L4 performance
The tables below show the message-passing IPC costs (half of one round trip) for various CPUs and L4 configurations. Times are clock cycles spent in the kernel (including the overhead for entering and exiting kernel mode). Times are given for various payload sizes (number of message registers used, each is one machine word).
These results are from our L4 version called NICTA::Pistachio-embedded and our para-virtualized Linux called Wombat. Both systems are no longer supported, as they have been superseded by OKL4 and OK Linux from Open Kernel Labs. The OK Labs systems have been developed further, including further improvements to the performance.
NICTA::Pistachio-embedded IPC
ARM (5 physical message registers)
These numbers are for IPC between separate
address spaces (including context switch).
Processor | Speed | 0..4 MRs | 8 MRs | 16 MRs |
---|---|---|---|---|
XScale PXA255 (ARMv5) | 400Mhz | 151 | 188 | 228 |
StrongARM SA1100 (ARMv4) | 206Mhz | 131 | 141 | 161 |
Fast address-space switching (FASS, aka FCSE) is enabled.
Wombat: para-virtualised Linux
Wombat, our architecture-independent para-virtualised Linux for L4-embedded, runs on ARM, x86 and MIPS. On ARM v4 or v5 processors, such as ARM9 cores or the XScale, Wombat benefits from the fast address-space switch (FASS) technology implemented in L4-embedded, while this is not supported in native Linux distributions.

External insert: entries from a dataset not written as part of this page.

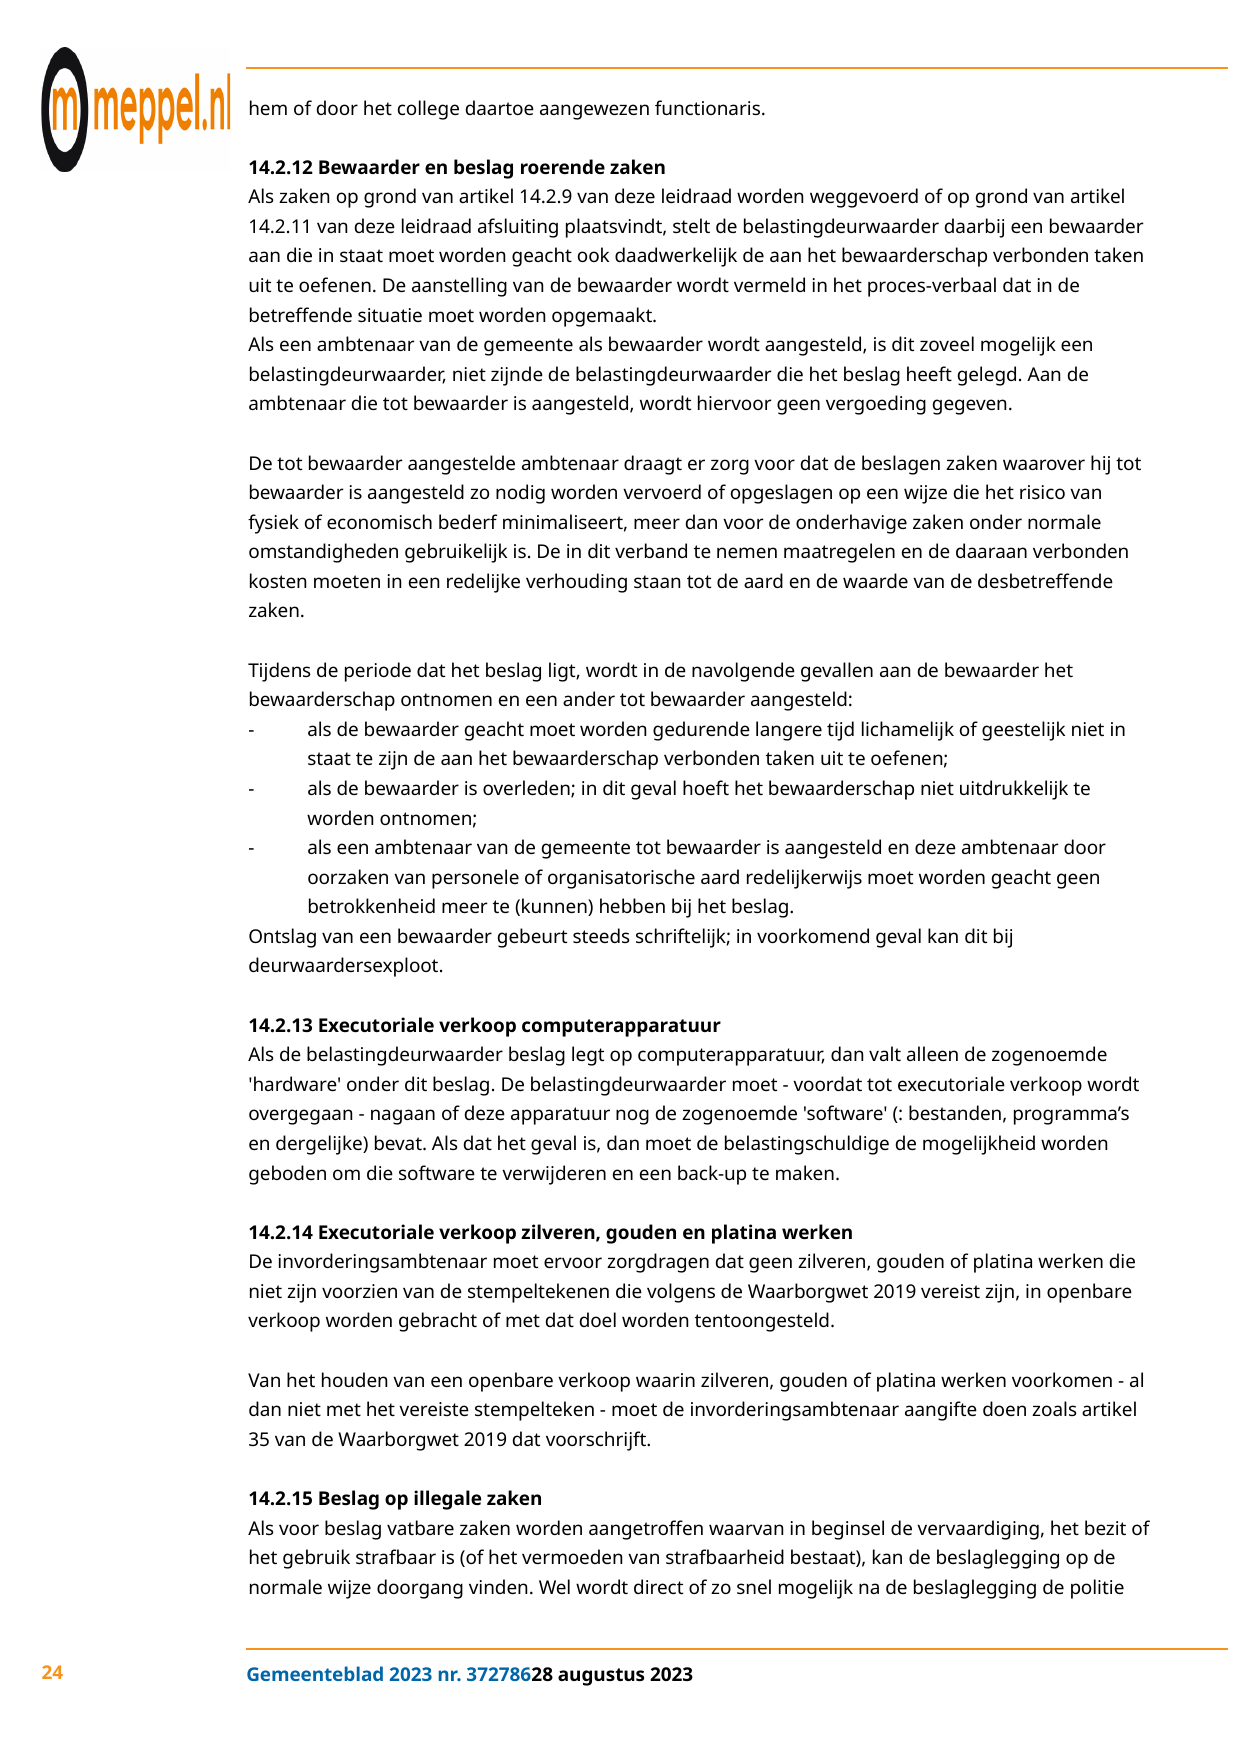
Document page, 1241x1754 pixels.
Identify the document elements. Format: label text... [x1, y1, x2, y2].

text hem of door het college daartoe aangewezen functionaris. [248, 95, 1152, 121]
text Als de belastingdeurwaarder beslag legt op computerapparatuur, dan valt alleen de zogenoemde 'hardware' onder dit beslag. De belastingdeurwaarder moet - voordat tot executoriale verkoop wordt overgegaan - nagaan of deze apparatuur nog de zogenoemde 'software' (: bestanden, programma’s en dergelijke) bevat. Als dat het geval is, dan moet de belastingschuldige de mogelijkheid worden geboden om die software te verwijderen en een back-up te maken. [248, 1041, 1152, 1186]
text Ontslag van een bewaarder gebeurt steeds schriftelijk; in voorkomend geval kan dit bij deurwaardersexploot. [248, 923, 1152, 978]
text Tijdens de periode dat het beslag ligt, wordt in de navolgende gevallen aan de bewaarder het bewaarderschap ontnomen en een ander tot bewaarder aangesteld: [248, 657, 1152, 712]
text 14.2.13 Executoriale verkoop computerapparatuur [248, 1012, 1152, 1038]
text Als een ambtenaar van de gemeente als bewaarder wordt aangesteld, is dit zoveel mogelijk een belastingdeurwaarder, niet zijnde de belastingdeurwaarder die het beslag heeft gelegd. Aan de ambtenaar die tot bewaarder is aangesteld, wordt hiervoor geen vergoeding gegeven. [248, 331, 1152, 416]
text Als voor beslag vatbare zaken worden aangetroffen waarvan in beginsel de vervaardiging, het bezit of het gebruik strafbaar is (of het vermoeden van strafbaarheid bestaat), kan de beslaglegging op de normale wijze doorgang vinden. Wel wordt direct of zo snel mogelijk na de beslaglegging de politie [248, 1515, 1152, 1600]
text De tot bewaarder aangestelde ambtenaar draagt er zorg voor dat de beslagen zaken waarover hij tot bewaarder is aangesteld zo nodig worden vervoerd of opgeslagen op een wijze die het risico van fysiek of economisch bederf minimaliseert, meer dan voor de onderhavige zaken onder normale omstandigheden gebruikelijk is. De in dit verband te nemen maatregelen en de daaraan verbonden kosten moeten in een redelijke verhouding staan tot de aard en de waarde van de desbetreffende zaken. [248, 450, 1152, 623]
text 14.2.15 Beslag op illegale zaken [248, 1485, 1152, 1511]
text 14.2.12 Bewaarder en beslag roerende zaken [248, 154, 1152, 180]
list als de bewaarder is overleden; in dit geval hoeft het bewaarderschap niet uitdrukkelijk te worden ontnomen; [248, 775, 1152, 831]
text Als zaken op grond van artikel 14.2.9 van deze leidraad worden weggevoerd of op grond van artikel 14.2.11 van deze leidraad afsluiting plaatsvindt, stelt de belastingdeurwaarder daarbij een bewaarder aan die in staat moet worden geacht ook daadwerkelijk de aan het bewaarderschap verbonden taken uit te oefenen. De aanstelling van de bewaarder wordt vermeld in het proces-verbaal dat in de betreffende situatie moet worden opgemaakt. [248, 183, 1152, 328]
list als een ambtenaar van de gemeente tot bewaarder is aangesteld en deze ambtenaar door oorzaken van personele of organisatorische aard redelijkerwijs moet worden geacht geen betrokkenheid meer te (kunnen) hebben bij het beslag. [248, 834, 1152, 919]
picture [41, 47, 231, 172]
text 14.2.14 Executoriale verkoop zilveren, gouden en platina werken [248, 1219, 1152, 1245]
list als de bewaarder geacht moet worden gedurende langere tijd lichamelijk of geestelijk niet in staat te zijn de aan het bewaarderschap verbonden taken uit te oefenen; [248, 716, 1152, 771]
text De invorderingsambtenaar moet ervoor zorgdragen dat geen zilveren, gouden of platina werken die niet zijn voorzien van de stempeltekenen die volgens de Waarborgwet 2019 vereist zijn, in openbare verkoop worden gebracht of met dat doel worden tentoongesteld. [248, 1248, 1152, 1333]
text Van het houden van een openbare verkoop waarin zilveren, gouden of platina werken voorkomen - al dan niet met het vereiste stempelteken - moet de invorderingsambtenaar aangifte doen zoals artikel 35 van de Waarborgwet 2019 dat voorschrijft. [248, 1367, 1152, 1452]

Wombat ARM: XScale PXA255 @ 200Mhz
These numbers
are LMBench results
for native ARM Linux and Wombat on
the PLEB2 reference platform.
LMBench latency test results. Times are in
microseconds. Lower is better.
Latencies | Linux | Wombat | Rel. Perf | Comment |
---|---|---|---|---|
lat_ctx -s 0 2 | 190.8 | 6.48 | 29.44 | Context switch latencies |
lat_ctx -s 0 3 | 197.1 | 18.82 | 10.47 | |
lat_ctx -s 0 4 | 199.5 | 19.78 | 10.09 | |
lat_ctx -s 0 10 | 215.7 | 44.07 | 4.89 | |
lat_ctx -s 4 2 | 257.7 | 7.15 | 36.04 | |
lat_ctx -s 4 3 | 259.3 | 23.26 | 11.15 | |
lat_ctx -s 4 4 | 293.4 | 40.28 | 7.28 | |
lat_ctx -s 4 4 | 285.1 | 141.96 | 2.01 | |
lat_fifo | 377.0 | 80.07 | 4.71 | Hot potato |
lat_pipe | 378.4 | 81.56 | 4.64 | |
lat_unix | 764.5 | 107.48 | 7.11 | |
lat_syscall null | 0.82 | 4.73 | 0.17 | |
lat_proc procedure | 0.21 | 0.21 | 1.00 | Process creation |
lat_proc fork | 4334 | 5706 | 0.76 | |
lat_proc exec | 4600 | 6400 | 0.72 |
LMBench bandwidth test results, in MB/s. Higher is better.

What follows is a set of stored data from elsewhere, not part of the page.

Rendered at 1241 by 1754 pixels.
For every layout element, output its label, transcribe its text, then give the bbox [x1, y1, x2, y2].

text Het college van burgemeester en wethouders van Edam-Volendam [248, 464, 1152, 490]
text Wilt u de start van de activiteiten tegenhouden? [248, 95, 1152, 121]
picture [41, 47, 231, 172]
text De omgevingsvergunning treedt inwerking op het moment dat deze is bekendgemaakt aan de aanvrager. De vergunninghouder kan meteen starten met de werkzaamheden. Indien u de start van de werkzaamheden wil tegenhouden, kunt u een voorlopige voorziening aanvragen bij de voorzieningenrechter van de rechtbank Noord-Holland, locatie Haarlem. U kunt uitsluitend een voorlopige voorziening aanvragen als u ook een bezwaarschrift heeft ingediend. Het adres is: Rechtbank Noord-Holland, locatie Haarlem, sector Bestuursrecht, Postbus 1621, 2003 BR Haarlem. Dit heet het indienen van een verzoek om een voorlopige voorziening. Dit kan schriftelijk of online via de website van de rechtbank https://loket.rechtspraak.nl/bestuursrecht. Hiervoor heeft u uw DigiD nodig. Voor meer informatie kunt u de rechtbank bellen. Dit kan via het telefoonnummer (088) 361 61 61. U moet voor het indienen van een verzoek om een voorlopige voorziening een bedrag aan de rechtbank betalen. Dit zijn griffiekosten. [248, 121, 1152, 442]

Bandwidth | Linux | Wombat | Relative Performance |
---|---|---|---|
bw_file_rd 1024 io_only | 39.38 | 12.43 | 0.32 |
bw_mmap_rd 1024 | 106.7 | 106.1 | 0.99 |
bw_mem 1024 | 416.0 | 416.0 | 1.00 |
bw_mem_wr | 229.9 | 229.0 | 1.00 |
bw_pipe | 10.15 | 15.31 | 1.51 |
bw_unix | 24.23 | 11.32 | 0.47 |
The following numbers are the results for the AIM7 benchmark on native Linux and Wombat. Units are in Jobs/min/task. Higher is better.
Metric | Linux | Wombat | Relative Performance |
---|---|---|---|
1 Task | 47.52 | 46.32 | 0.97 |
2 Tasks | 24.77 | 24.12 | 0.97 |
3 Tasks | 16.74 | 16.31 | 0.97 |
Despite the increased security and isolation benefits of virtualizing Linux, virtualized Linux on ARM can show clear performance gains over native Linux in many areas, particularily because of its use of fast address-space switching (FASS).